At some point he does think it. Lying in bed, perhaps, contemplating my mother’s turned back.
• • •
If only I could make them in glass!
• • •
I prefer to imagine it comes to him in a moment of creative ferment, not in a moment of cuckoldry. I like to imagine him in the street, his hands filled with papers, a disorganized flurry of papers—his drawings, on the way to the post, perhaps—passing the window of William Cloverdale, Argument’s ever-bested rival, chancing to look in at a display of glass eyes on a velvet tray (
Just the kind of thing
, Thomas Argument would say, has said, a hundred times, in my father’s hearing,
that holds that fool Cloverdale back!
) and thinking:
I could make them in glass!
But he cannot make them in glass. Not as long as he works for Thomas Argument. And even if he could get access to the batch, gain independent use of the tools . . . how could he do it? The material is light and strong and supple, but the tools used in Argument’s glasshouse are coarse, and coarse tools create coarse objects. What do Argument’s heavy, cut-glass goblets and pretentious lusters have in common with the delicate, questing tentacles, the soft mouth, of the rosy anemone?

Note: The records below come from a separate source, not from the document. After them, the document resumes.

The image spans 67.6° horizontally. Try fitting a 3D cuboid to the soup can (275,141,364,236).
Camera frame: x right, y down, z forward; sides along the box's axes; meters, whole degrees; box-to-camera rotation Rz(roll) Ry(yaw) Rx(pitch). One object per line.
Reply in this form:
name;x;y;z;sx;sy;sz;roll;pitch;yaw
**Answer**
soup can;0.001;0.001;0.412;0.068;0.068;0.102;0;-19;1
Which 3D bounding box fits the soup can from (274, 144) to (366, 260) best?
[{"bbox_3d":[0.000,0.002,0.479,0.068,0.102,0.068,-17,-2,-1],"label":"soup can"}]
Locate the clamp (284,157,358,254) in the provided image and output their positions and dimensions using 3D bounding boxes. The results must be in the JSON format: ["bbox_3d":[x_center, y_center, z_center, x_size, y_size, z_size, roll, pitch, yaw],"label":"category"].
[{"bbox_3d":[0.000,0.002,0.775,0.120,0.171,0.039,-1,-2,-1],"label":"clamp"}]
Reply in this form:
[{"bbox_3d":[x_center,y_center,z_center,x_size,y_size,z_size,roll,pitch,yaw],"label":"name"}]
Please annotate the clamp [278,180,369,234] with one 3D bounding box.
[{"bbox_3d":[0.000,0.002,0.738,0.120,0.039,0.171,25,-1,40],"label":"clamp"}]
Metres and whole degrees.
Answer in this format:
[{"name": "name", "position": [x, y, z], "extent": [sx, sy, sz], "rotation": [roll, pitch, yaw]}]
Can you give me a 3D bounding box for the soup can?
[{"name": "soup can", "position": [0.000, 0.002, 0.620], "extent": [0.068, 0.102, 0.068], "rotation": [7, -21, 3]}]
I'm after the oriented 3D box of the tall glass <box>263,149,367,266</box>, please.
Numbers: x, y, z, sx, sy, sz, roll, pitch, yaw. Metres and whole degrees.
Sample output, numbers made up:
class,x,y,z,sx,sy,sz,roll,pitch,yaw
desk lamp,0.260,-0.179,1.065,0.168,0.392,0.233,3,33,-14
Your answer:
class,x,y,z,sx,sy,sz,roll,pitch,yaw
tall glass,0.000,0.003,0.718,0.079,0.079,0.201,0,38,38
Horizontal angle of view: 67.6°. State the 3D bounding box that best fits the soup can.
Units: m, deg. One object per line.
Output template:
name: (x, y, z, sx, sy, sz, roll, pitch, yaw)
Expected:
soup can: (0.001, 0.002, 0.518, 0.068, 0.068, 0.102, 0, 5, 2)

But those eyes in Cloverdale’s window . . . the hazel irises shot through with threads of gold, the deep browns, the filamentous blues and greys . . . like living things. Living glass.
Glass is flesh.
There must be a way.
Or, perhaps more aptly:
There
is
a way, but Thomas Argument doesn’t know what it is.
• • •
I imagine it would have been a turning point for my father—a small jubilation—the diminution of a hated (though as yet only barely consciously acknowledged) rival.
There is a way; Thomas Argument doesn’t know what it is.
Nor does he care.
I imagine there must have grown, in my father, a certain disdain for Thomas Argument then. A relieving disdain. A diminishment of the fear inspired in him by those expressionless black eyes.
• • •
Of course this is all speculation. I don’t know what happened, really. A process took place, and this is how I imagine it. I try to imagine it to my father’s advantage. But the bare fact is that, after two and a half years in the employment of Thomas Argument, during which time he has advanced only from the position of taker-in, a boy’s job, to footmaker, a better job, a man’s job, but one allowing no creative independence, my father will transfer his allegiance directly across the street, to William Cloverdale, Argument’s nearest competitor—into what Argument calls
That dingy little Cloverdale establishment
. In Cloverdale’s shop, small as it is, dark as it is (lacking the brilliant gas jets that emblazon Argument’s Glasswares, its more modest window must depend for its sparkle on sunlight, a scant resource in Whitby in the winter), my father will work, for the first time, with the lamp.